Es gibt zweifellos Versuche die Beziehung zwischen Gleichheit und Verschiedenheit zu erfassen, ich will versuchen — vom biblischen Beispiel des Paulus ausgehend — ebenfalls solches zu wagen. Gleichheit und Verschiedenheit sind zwei Pole, zwischen denen wir uns bewegen, mal geht es mehr in die eine Richtung, mal mehr in die andere. Es geht hier gar nicht um die Mitte, sondern um das In-Bewegung-Bleiben. Tatsächlich ist eben manchmal mehr Verschiedenheit nötig und manchmal mehr Gleichheit. Paulus sieht dies offenbar auch so, wenn er im heutigen Abschnitt das „einer in Christus“ betont, im ersten Brief an die Korinther diese Einheit als Leib mit unterschiedlichen Gliedern ausdifferenziert. Vielleicht kann man es so sagen: In der Gleichheit muss immer auch Raum für Verschiedenheit sein, und in der Verschiedenheit muss immer auch Gleichheit wenigstens im Blick sein. Alle haben dieselben Rechte, das ist in einem Rechtsstaat wohl die fundamentale Gleichheit. Mancher wird nun anmerken, dass dies nur in der Theorie so ist. Da ist wohl Wahres dran, nichts auf Erden ist vollkommen, aber bedenken wir auch folgendes: Auch in der Gleichheit der Rechte leuchtet Verschiedenheit auf, deshalb gibt es die Rechtsprechung, jede Situation, über die geurteilt werden muss, ist verschieden und vielschichtig, deshalb gibt es unterschiedliche Urteile, auch wenn sich manches auf den ersten Blick ähnelt. Und in der Verschiedenheit der Begabungen und Funktionen muss immer auch Gleichheit zumindest aufleuchten. Das heißt dann, wir dürfen nicht vergessen, dass jeder Mensch Begabungen hat, und dass Begabungen — wie Paulus im ersten Brief an die Korinther betont — immer der Gemeinschaft dienen müssen. Oder wenn wir das Wort Jesu von der Kreuzesnachfolge hören: Es braucht eine grundlegende Solidarität, weil wir alle eine Last zu tragen haben, das gilt ohne Ausnahme, das ist unsere Gleichheit. Und doch sind es nicht nur verschiedene Lasten, sondern vor allem auch verschiedene Weisen damit umzugehen. Und die sollten wir einander auch zugestehen. Gerade wenn wir Ähnliches zu tragen haben, sollten wir einander beistehen — ohne vom anderen zu verlangen, dass er mit seiner Last genauso umgeht wie ich.
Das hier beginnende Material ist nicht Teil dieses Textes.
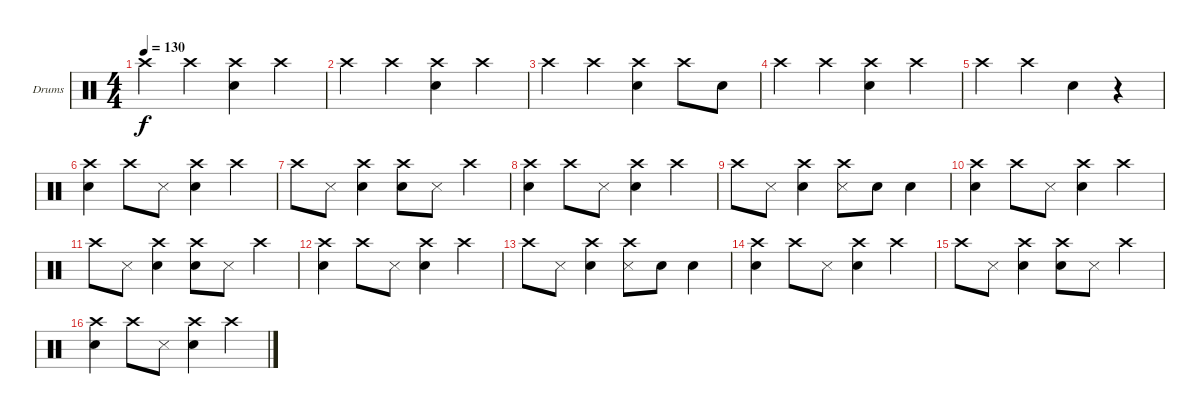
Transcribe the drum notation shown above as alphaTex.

\defaultSystemsLayout 4
\bracketExtendMode groupsimilarinstruments
\firstSystemTrackNameOrientation horizontal
\otherSystemsTrackNameOrientation horizontal
\track ("Drumkit" "Drums") {instrument percussion}
\staff {score}
\articulation defaults
\ts (4 4)
\tempo 130
\clef neutral
\ks c "Crash high (hit)".4{dy f} "Crash high (hit)".4
("Snare (hit) 2" "Crash high (hit)").4 "Crash high (hit)".4 |
"Crash high (hit)".4 "Crash high (hit)".4 ("Snare (hit) 2" "Crash high (hit)").4 "Crash high (hit)".4 |
"Crash high (hit)".4 "Crash high (hit)".4 ("Snare (hit) 2" "Crash high (hit)").4 "Crash high (hit)".8 "Snare (hit) 2".8 |
"Crash high (hit)".4 "Crash high (hit)".4 ("Snare (hit) 2" "Crash high (hit)").4 "Crash high (hit)".4 |
"Crash high (hit)".4 "Crash high (hit)".4 "Snare (hit) 2".4 r.4 |
("Snare (hit) 2" "Crash high (hit)").4 "Crash high (hit)".8 "Snare (side stick) 3".8 ("Snare (hit) 2" "Crash high (hit)").4 "Crash high (hit)".4 |
"Crash high (hit)".8 "Snare (side stick) 3".8 ("Snare (hit) 2" "Crash high (hit)").4 ("Snare (hit) 2" "Crash high (hit)").8 "Snare (side stick) 3".8 "Crash high (hit)".4 |
("Snare (hit) 2" "Crash high (hit)").4 "Crash high (hit)".8 "Snare (side stick) 3".8 ("Snare (hit) 2" "Crash high (hit)").4 "Crash high (hit)".4 |
"Crash high (hit)".8 "Snare (side stick) 3".8 ("Snare (hit) 2" "Crash high (hit)").4 ("Snare (side stick) 3" "Crash high (hit)").8 "Snare (hit) 2".8 "Snare (hit) 2".4 |
("Snare (hit) 2" "Crash high (hit)").4 "Crash high (hit)".8 "Snare (side stick) 3".8 ("Snare (hit) 2" "Crash high (hit)").4 "Crash high (hit)".4 |
"Crash high (hit)".8 "Snare (side stick) 3".8 ("Snare (hit) 2" "Crash high (hit)").4 ("Snare (hit) 2" "Crash high (hit)").8 "Snare (side stick) 3".8 "Crash high (hit)".4 |
("Snare (hit) 2" "Crash high (hit)").4 "Crash high (hit)".8 "Snare (side stick) 3".8 ("Snare (hit) 2" "Crash high (hit)").4 "Crash high (hit)".4 |
"Crash high (hit)".8 "Snare (side stick) 3".8 ("Snare (hit) 2" "Crash high (hit)").4 ("Snare (side stick) 3" "Crash high (hit)").8 "Snare (hit) 2".8 "Snare (hit) 2".4 |
("Snare (hit) 2" "Crash high (hit)").4 "Crash high (hit)".8 "Snare (side stick) 3".8 ("Snare (hit) 2" "Crash high (hit)").4 "Crash high (hit)".4 |
"Crash high (hit)".8 "Snare (side stick) 3".8 ("Snare (hit) 2" "Crash high (hit)").4 ("Snare (hit) 2" "Crash high (hit)").8 "Snare (side stick) 3".8 "Crash high (hit)".4 |
("Snare (hit) 2" "Crash high (hit)").4 "Crash high (hit)".8 "Snare (side stick) 3".8 ("Snare (hit) 2" "Crash high (hit)").4 "Crash high (hit)".4

„Ihr alle seid einer in Christus“, sagt Paulus. Der genaue Blick zeigt uns, dass es ihm nicht um eine Gleichförmigkeit geht, sondern dass wir als Getaufte gerade in der Spannung von Gleichheit und Verschiedenheit „einer in Christus“ sind. Mir scheint heutzutage gerade diese Beziehung zwischen Gleichheit und Verschiedenheit durcheinander geraten zu sein. Beides sind Pole, die zueinander in Spannung stehen, in der Gleichheit muss auch die Verschiedenheit aufleuchten und umgekehrt. Gerade wenn wir beispielsweise eine gleiche oder ähnliche Last zu tragen haben, sollten wir einander beistehen, ohne zu verlangen, dass wir auf dieselbe Weise mit unserer Last umgehen. Einer in Christus sind wir in der lebendigen Spannung von Gleichheit und Verschiedenheit, nicht in Gleichförmigkeit oder Gegeneinander.